Kerangka Kerja Kekeringan Ekologis: Paparan, Sensitivitas, dan Dampak

Kekeringan adalah fenomena yang mempengaruhi manusia dan alam. Dalam gambar di atas, kerangka kerja kekeringan ekologis dijelaskan dengan rinci. Kekeringan menyebabkan dampak pada penggunaan lahan dan air, perubahan iklim, karakteristik lanskap, manajemen sumber daya alam, dan dampak pada layanan ekosistem.
Paparan
Penggunaan lahan dan air oleh manusia meningkatkan paparan kekeringan. Perubahan iklim juga berkontribusi dengan meningkatkan frekuensi dan intensitas kekeringan. Dalam konteks ini, kita harus memahami bahwa kekeringan meteorologis dan karakteristik lanskap juga memainkan peran penting dalam menentukan sejauh mana manusia dan alam terpapar kekeringan.
Sensitivitas
Manajemen sumber daya alam yang tidak tepat dapat meningkatkan sensitivitas terhadap kekeringan. Karakteristik ekologi seperti keanekaragaman spesies dan ketahanan ekosistem juga memainkan peranan penting dalam menentukan sejauh mana suatu ekosistem sensitif terhadap kekeringan.
Dampak
Layanan ekosistem terpengaruh; ini mencakup kesejahteraan manusia dan kesehatan ekosistem. Dampak kekeringan pada layanan ekosistem dapat mencakup penurunan kualitas dan kuantitas air yang mempengaruhi mata pencaharian dan kesejahteraan manusia.

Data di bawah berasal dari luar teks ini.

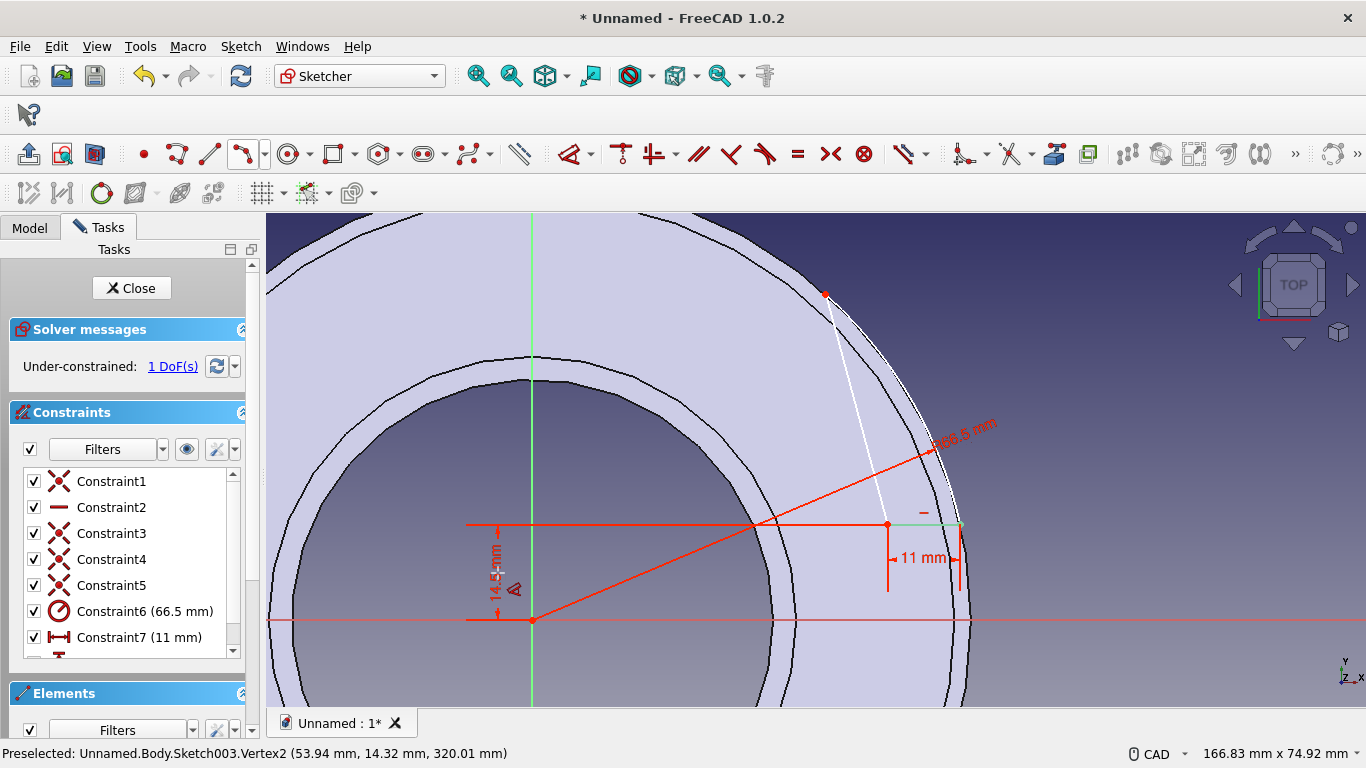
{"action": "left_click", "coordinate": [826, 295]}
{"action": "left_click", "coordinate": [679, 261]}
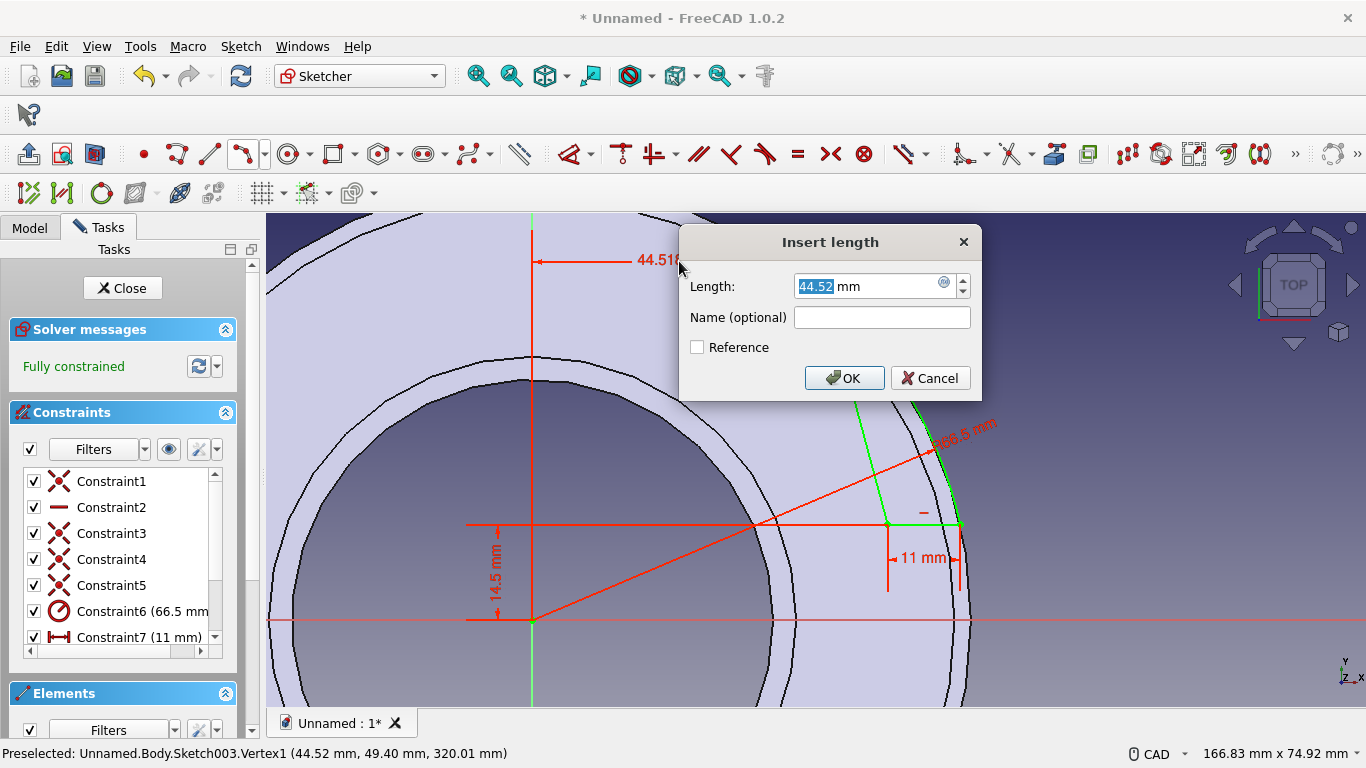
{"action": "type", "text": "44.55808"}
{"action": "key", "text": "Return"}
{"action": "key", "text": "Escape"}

Dalam menghadapi kekeringan, kita harus mempertimbangkan bagaimana manusia dan alam mempengaruhi dan merespons kekeringan. Dengan memahami kerangka kerja kekeringan ekologis, kita dapat merencanakan strategi yang lebih baik untuk mengurangi kerentanan terhadap kekeringan dan menciptakan situasi menang-menang bagi manusia dan alam.